I suspect there are people out there who would oppose the Death Penalty in any case, and those are the people I consider the most consistent. This isn’t to say they are right or wrong, but at least they don’t have the hairs to split the rest of us seem to enjoy taking an axe to in our spare time. There are those who would not oppose it as much were it only meted out justly and equally, which it is not, and those people have solid constitutional ground to stand upon. The odds of a poor black man being put to death are many times greater than that of a wealthy white man. It is a racially biased, class considered, gender centered, and arbitrary form of punishment which by its very nature is unusual if not cruel. This is the case against the Death Penalty and it is neither morally bereft, nor is it philosophically anemic.
Yet the use of execution is not necessarily punishment. The word punishment implies that through aversion therapy some behavior will be modified, in theory, and therefore we as a society have a right to impose it upon those who break the law. No one has yet to learn anything from being executed but at the same time, no one who has ever been executed has ever broken the law again either. Those who are executed have their behavior modified to the extreme and no one can deny the efficiency of execution when it comes to reducing recidivism. Theodore Bundy will never kill again. Gary Ridgeway still has that capacity as does Charles Manson. Execution would still serve the greater good in the two latter cases as well as it has the former.
But in all things human there is the problem of politics. The recent execution of Troy Davis was, in my opinion, was one purely of a political nature. No one, not the Governor, not the Board of Paroles and Pardons, not the Georgia Supreme Court and not even the SCOTUS would dare show mercy to a condemned cop killer this close to an election year. No one, not one person running for office endorsed anything but death. In a case where nearly the entire argument for conviction was based on testimony from witnesses nearly all recanted. This isn’t uncommon in such cases because it’s a popular thing for former witnesses to recant, whether it be real or not, there is no way to trust someone’s testimony who admits to lying. That said, if the testimony cannot be trusted at all from those who recanted then the only weight that can be given is to those whose story has not changed. There were witnesses who did not recant, and for reasons that escape me, the testimony of those people was not taken into consideration by those pressing for the life of Troy Davis.

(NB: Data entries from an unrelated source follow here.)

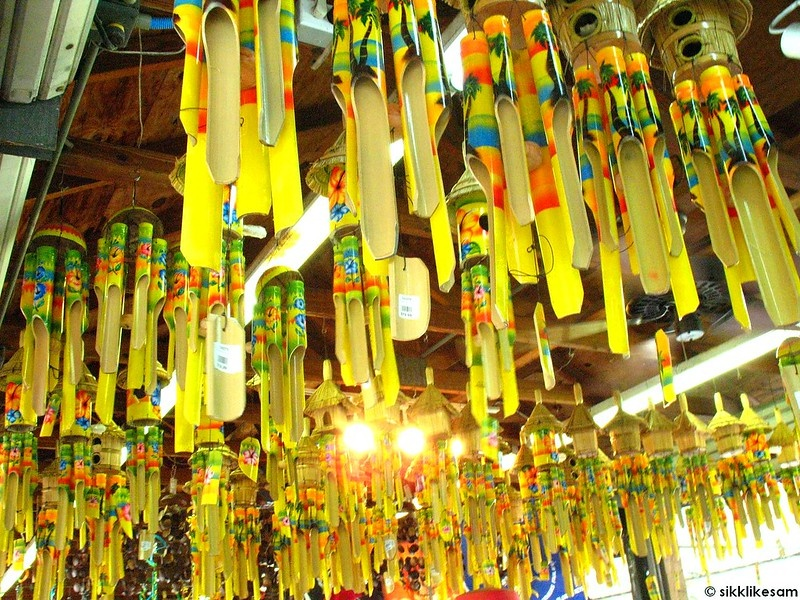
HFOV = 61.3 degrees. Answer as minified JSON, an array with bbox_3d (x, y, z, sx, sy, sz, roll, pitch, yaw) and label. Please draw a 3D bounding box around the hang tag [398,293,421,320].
[{"bbox_3d":[0.027,0.024,1.997,0.057,0.068,0.034,3,-14,-16],"label":"hang tag"}]
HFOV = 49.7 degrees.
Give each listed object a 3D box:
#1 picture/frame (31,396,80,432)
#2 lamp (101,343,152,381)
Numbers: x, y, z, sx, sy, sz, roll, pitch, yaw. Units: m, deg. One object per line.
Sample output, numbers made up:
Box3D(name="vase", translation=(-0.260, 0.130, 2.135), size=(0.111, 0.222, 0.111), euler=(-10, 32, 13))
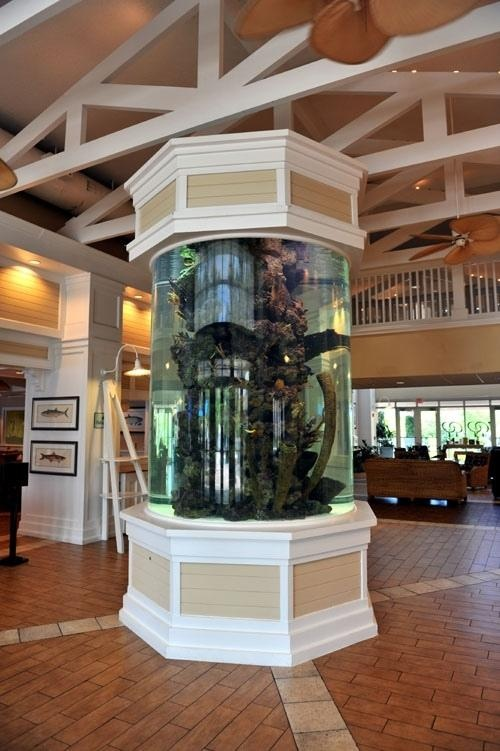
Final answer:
Box3D(name="picture/frame", translation=(-2.298, 0.453, 6.369), size=(0.798, 0.385, 0.030), euler=(-4, -9, 31))
Box3D(name="lamp", translation=(-1.590, -0.193, 6.884), size=(0.670, 0.441, 0.385), euler=(-10, -15, 32))
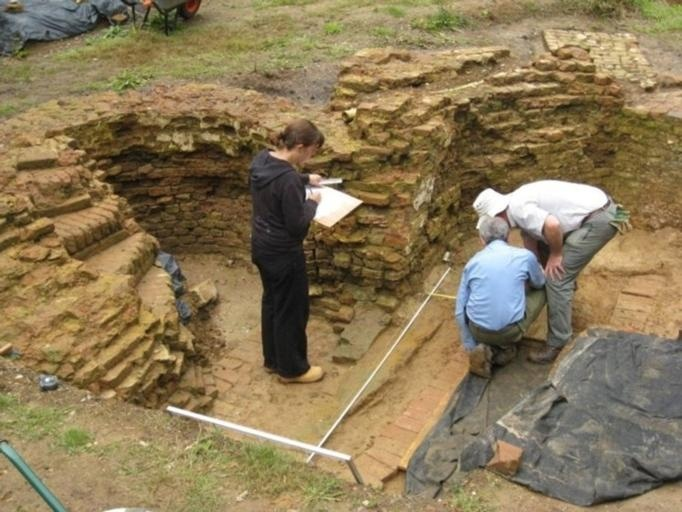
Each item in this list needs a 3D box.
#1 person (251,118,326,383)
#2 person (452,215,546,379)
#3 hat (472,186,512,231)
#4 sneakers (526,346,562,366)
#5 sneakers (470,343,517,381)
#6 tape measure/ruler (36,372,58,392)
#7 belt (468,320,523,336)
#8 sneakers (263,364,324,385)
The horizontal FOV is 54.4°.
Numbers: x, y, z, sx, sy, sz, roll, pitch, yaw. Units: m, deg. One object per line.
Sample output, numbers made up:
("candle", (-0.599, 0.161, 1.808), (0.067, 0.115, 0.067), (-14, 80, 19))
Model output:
("person", (-0.531, 0.056, 6.644), (0.661, 2.759, 0.836), (7, 36, 17))
("person", (1.653, 0.412, 6.719), (1.083, 1.567, 0.923), (-13, 22, -20))
("hat", (1.509, -0.452, 6.780), (0.384, 0.129, 0.380), (-43, 49, 0))
("sneakers", (2.002, 0.986, 6.583), (0.337, 0.136, 0.139), (2, 34, 11))
("sneakers", (1.460, 0.996, 6.521), (0.261, 0.181, 0.470), (9, 22, 33))
("tape measure/ruler", (-2.551, 1.086, 5.798), (0.164, 0.101, 0.206), (-18, 36, -20))
("belt", (1.495, 0.701, 6.390), (0.277, 0.079, 0.213), (-6, 28, 0))
("sneakers", (-0.515, 1.273, 7.172), (0.600, 0.246, 0.192), (-8, 39, -3))
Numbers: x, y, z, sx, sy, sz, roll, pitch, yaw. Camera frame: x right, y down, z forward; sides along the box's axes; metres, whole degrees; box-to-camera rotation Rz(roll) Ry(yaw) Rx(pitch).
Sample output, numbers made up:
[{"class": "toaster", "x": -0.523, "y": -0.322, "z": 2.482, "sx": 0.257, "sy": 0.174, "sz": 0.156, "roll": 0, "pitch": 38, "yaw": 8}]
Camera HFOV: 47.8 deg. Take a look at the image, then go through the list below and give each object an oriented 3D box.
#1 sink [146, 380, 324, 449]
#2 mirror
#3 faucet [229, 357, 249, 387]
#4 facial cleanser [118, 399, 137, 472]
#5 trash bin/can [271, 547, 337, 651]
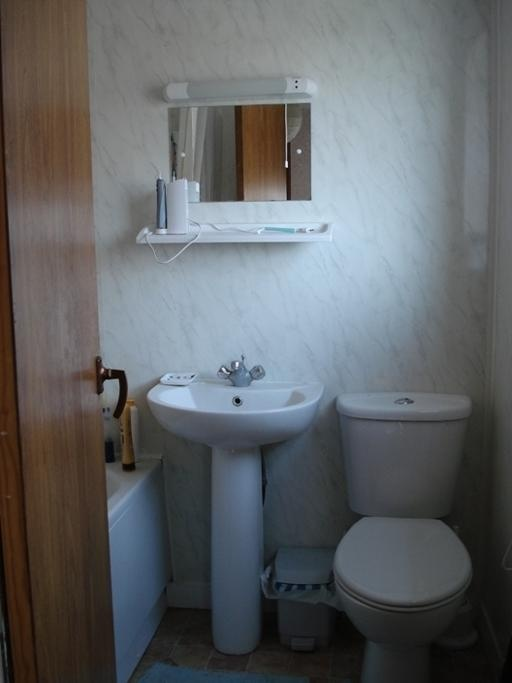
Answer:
[{"class": "sink", "x": -0.069, "y": 0.218, "z": 1.735, "sx": 0.540, "sy": 0.179, "sz": 0.404, "roll": -5, "pitch": 5, "yaw": 9}, {"class": "mirror", "x": -0.029, "y": -0.606, "z": 1.865, "sx": 0.419, "sy": 0.333, "sz": 0.034, "roll": -5, "pitch": 4, "yaw": 6}, {"class": "faucet", "x": -0.053, "y": 0.098, "z": 1.868, "sx": 0.051, "sy": 0.092, "sz": 0.078, "roll": -2, "pitch": 10, "yaw": -2}, {"class": "facial cleanser", "x": -0.418, "y": 0.322, "z": 1.909, "sx": 0.041, "sy": 0.231, "sz": 0.042, "roll": 1, "pitch": -17, "yaw": -21}, {"class": "trash bin/can", "x": 0.157, "y": 0.817, "z": 1.853, "sx": 0.194, "sy": 0.236, "sz": 0.242, "roll": -4, "pitch": 5, "yaw": 8}]
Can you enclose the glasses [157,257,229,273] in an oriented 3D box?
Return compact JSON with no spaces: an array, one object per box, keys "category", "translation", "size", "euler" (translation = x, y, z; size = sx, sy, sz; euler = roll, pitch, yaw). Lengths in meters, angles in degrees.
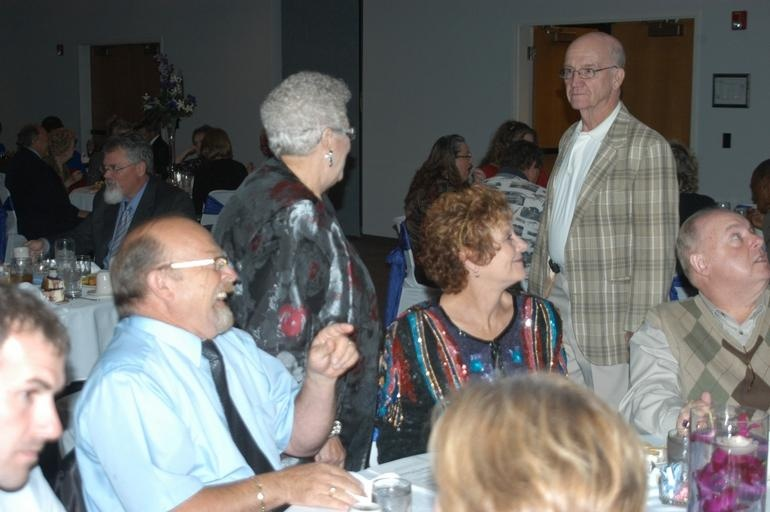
[{"category":"glasses","translation":[-0.591,0.018,2.091],"size":[0.207,0.038,0.047],"euler":[-2,4,-40]}]
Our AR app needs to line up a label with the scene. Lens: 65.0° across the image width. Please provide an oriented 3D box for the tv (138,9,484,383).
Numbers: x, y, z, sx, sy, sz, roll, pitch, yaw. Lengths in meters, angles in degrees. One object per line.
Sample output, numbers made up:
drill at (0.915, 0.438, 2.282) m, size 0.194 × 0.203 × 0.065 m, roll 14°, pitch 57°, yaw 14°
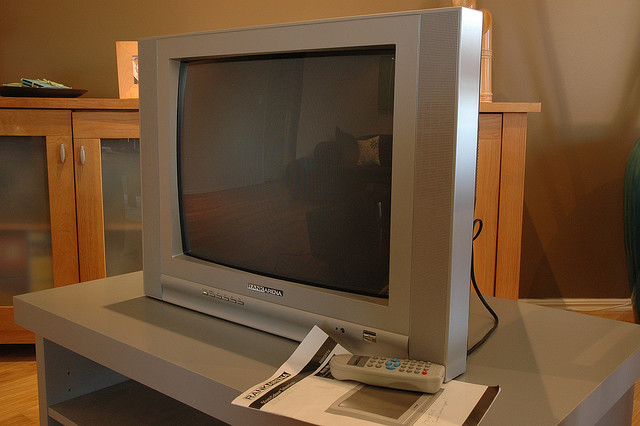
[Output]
tv at (-0.018, -0.034, 1.334) m, size 0.959 × 0.805 × 0.500 m, roll 5°, pitch 12°, yaw 27°

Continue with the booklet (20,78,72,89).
booklet at (-1.308, -0.622, 2.420) m, size 0.172 × 0.049 × 0.180 m, roll 1°, pitch 8°, yaw 0°

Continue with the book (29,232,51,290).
book at (-1.348, 0.229, 2.415) m, size 0.111 × 0.283 × 0.029 m, roll 2°, pitch 8°, yaw 9°
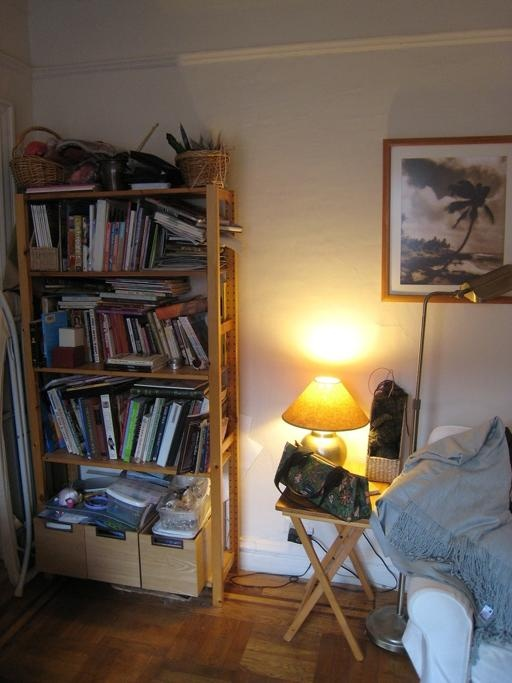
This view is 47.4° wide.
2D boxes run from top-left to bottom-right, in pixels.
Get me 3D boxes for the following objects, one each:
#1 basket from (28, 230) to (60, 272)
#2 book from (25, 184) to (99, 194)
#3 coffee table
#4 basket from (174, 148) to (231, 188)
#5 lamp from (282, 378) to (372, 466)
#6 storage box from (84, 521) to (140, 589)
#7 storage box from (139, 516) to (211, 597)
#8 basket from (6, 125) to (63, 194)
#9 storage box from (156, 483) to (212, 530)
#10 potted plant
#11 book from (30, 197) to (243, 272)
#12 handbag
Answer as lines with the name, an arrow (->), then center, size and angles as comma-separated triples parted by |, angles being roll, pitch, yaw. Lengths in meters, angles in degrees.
basket -> -0.855, -0.347, 2.369 | 0.131, 0.111, 0.124 | 1, 10, 0
book -> -0.789, -0.608, 2.328 | 0.301, 0.036, 0.048 | 3, 11, 12
coffee table -> 0.318, 0.863, 2.342 | 0.389, 0.463, 0.410 | 0, 6, 18
basket -> -0.204, -0.654, 2.244 | 0.182, 0.099, 0.184 | 9, 19, 32
lamp -> 0.274, 0.342, 2.315 | 0.332, 0.318, 0.343 | 5, 3, 38
storage box -> -0.559, 0.890, 2.557 | 0.287, 0.231, 0.264 | 2, 10, 10
storage box -> -0.339, 0.911, 2.472 | 0.309, 0.201, 0.293 | 1, 5, 12
basket -> -0.889, -0.767, 2.398 | 0.215, 0.234, 0.237 | -8, 27, -20
storage box -> -0.303, 0.742, 2.502 | 0.228, 0.091, 0.303 | 2, -6, 7
potted plant -> -0.249, -0.695, 2.254 | 0.174, 0.179, 0.195 | -13, 20, 36
book -> -0.547, -0.434, 2.395 | 0.798, 0.298, 0.217 | 4, 12, 16
handbag -> 0.237, 0.526, 2.165 | 0.204, 0.196, 0.376 | -9, 21, -43
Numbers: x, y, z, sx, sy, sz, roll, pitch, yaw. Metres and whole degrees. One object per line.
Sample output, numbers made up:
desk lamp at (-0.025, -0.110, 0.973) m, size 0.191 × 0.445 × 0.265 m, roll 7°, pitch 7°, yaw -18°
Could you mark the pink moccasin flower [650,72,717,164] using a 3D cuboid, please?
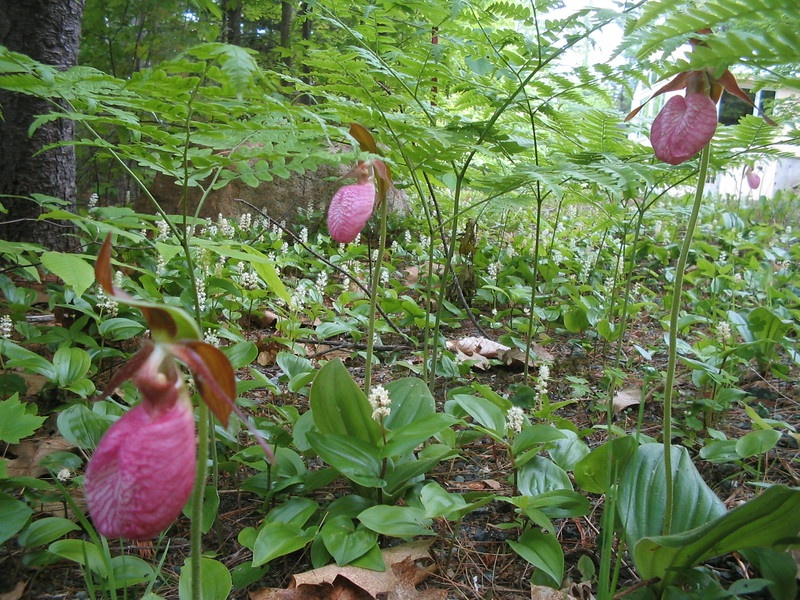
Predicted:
pink moccasin flower at (1.324, -0.798, 3.056) m, size 0.265 × 0.329 × 0.100 m, roll 19°, pitch 14°, yaw 19°
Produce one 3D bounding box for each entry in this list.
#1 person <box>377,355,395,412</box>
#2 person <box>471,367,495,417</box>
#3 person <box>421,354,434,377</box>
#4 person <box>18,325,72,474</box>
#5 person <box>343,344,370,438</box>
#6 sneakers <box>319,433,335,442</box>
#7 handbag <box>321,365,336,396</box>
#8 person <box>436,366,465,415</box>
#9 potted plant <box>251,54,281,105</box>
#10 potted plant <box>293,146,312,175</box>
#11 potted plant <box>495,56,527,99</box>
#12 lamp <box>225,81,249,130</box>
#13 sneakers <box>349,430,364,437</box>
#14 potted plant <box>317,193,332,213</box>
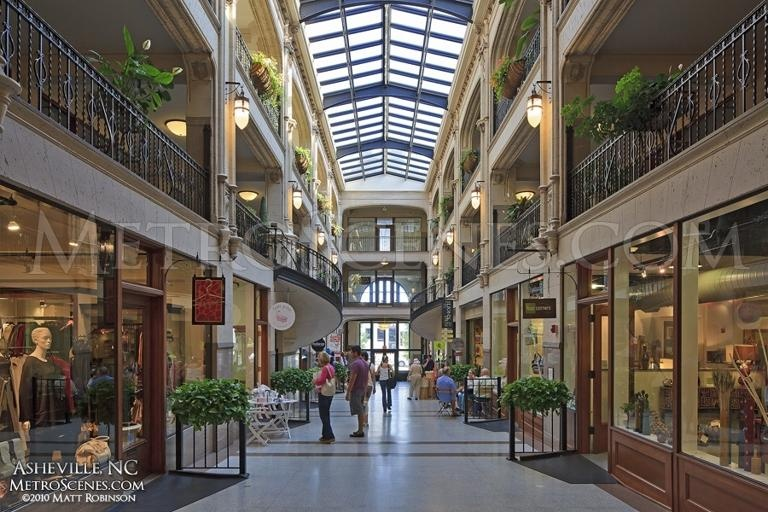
[{"bbox_3d":[0.078,3.233,17.451,0.486,1.584,0.486,-3,19,7],"label":"person"},{"bbox_3d":[2.409,3.296,15.633,0.631,1.162,0.924,0,-4,10],"label":"person"},{"bbox_3d":[1.510,3.641,21.806,0.378,0.590,1.010,0,-4,5],"label":"person"},{"bbox_3d":[-3.936,1.554,7.521,0.170,1.480,0.581,-2,-4,28],"label":"person"},{"bbox_3d":[-0.508,2.679,12.918,0.387,1.738,1.252,0,-3,-1],"label":"person"},{"bbox_3d":[-1.067,3.350,12.027,0.289,0.136,0.120,-2,-6,35],"label":"sneakers"},{"bbox_3d":[-1.019,2.289,11.989,0.147,0.570,0.289,-3,-4,44],"label":"handbag"},{"bbox_3d":[1.661,3.389,16.561,0.581,1.230,0.664,1,5,34],"label":"person"},{"bbox_3d":[-2.497,-3.841,13.968,0.300,0.746,0.874,-24,-3,-14],"label":"potted plant"},{"bbox_3d":[-2.397,-2.850,19.012,0.642,0.549,0.707,0,-14,-4],"label":"potted plant"},{"bbox_3d":[2.602,-3.707,13.375,0.521,0.674,1.245,0,-4,4],"label":"potted plant"},{"bbox_3d":[-2.704,-2.777,11.779,0.395,0.981,0.830,1,-4,-16],"label":"lamp"},{"bbox_3d":[-0.554,3.465,12.735,0.312,0.139,0.122,-1,-8,17],"label":"sneakers"},{"bbox_3d":[-2.378,-2.033,24.555,0.565,0.470,0.597,1,0,41],"label":"potted plant"}]
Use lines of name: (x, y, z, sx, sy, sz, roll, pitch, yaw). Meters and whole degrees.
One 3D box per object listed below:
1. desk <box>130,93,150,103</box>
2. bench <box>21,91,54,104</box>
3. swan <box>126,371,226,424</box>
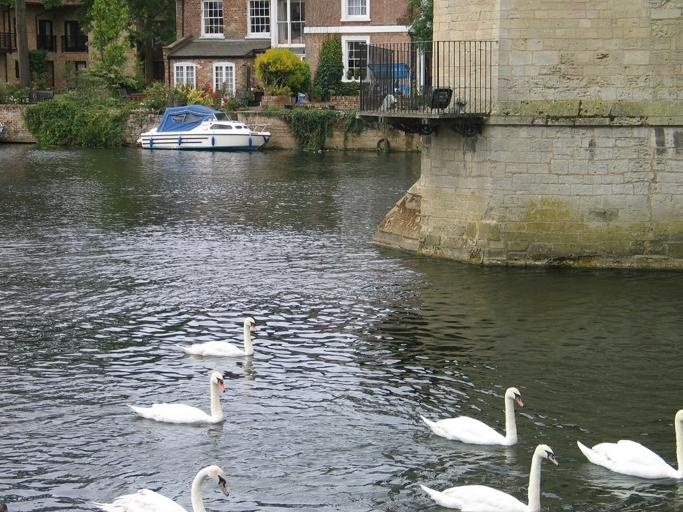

This is a case where there was no murder weapon found. This is a case where the accused steadfastly maintained his innocence. Yet this is also a case where the accused, Troy Davis, was linked to an earlier shooting and the ballistics in the murder case matched those in the earlier shooting case. Davis was not, as some maintain, a victim of an overzealous police force out to pin the murder on the first person they found walking down the street. Troy Davis was no stranger to trouble with the law, and no stranger to violence.
So which way does the pressure lie? Is Troy Davis guilty of first degree murder of a law enforcement officer or simply a black man in the wrong place at the wrong time, scheduled to die far too close to an election year for there to be any hope that he’ll see justice? Barring a confession from the man Davis claimed killed the officer, we may never know and we might not know then. The real question is why was Troy Davis executed and if who he was, what he was, and who he killed part of the equation.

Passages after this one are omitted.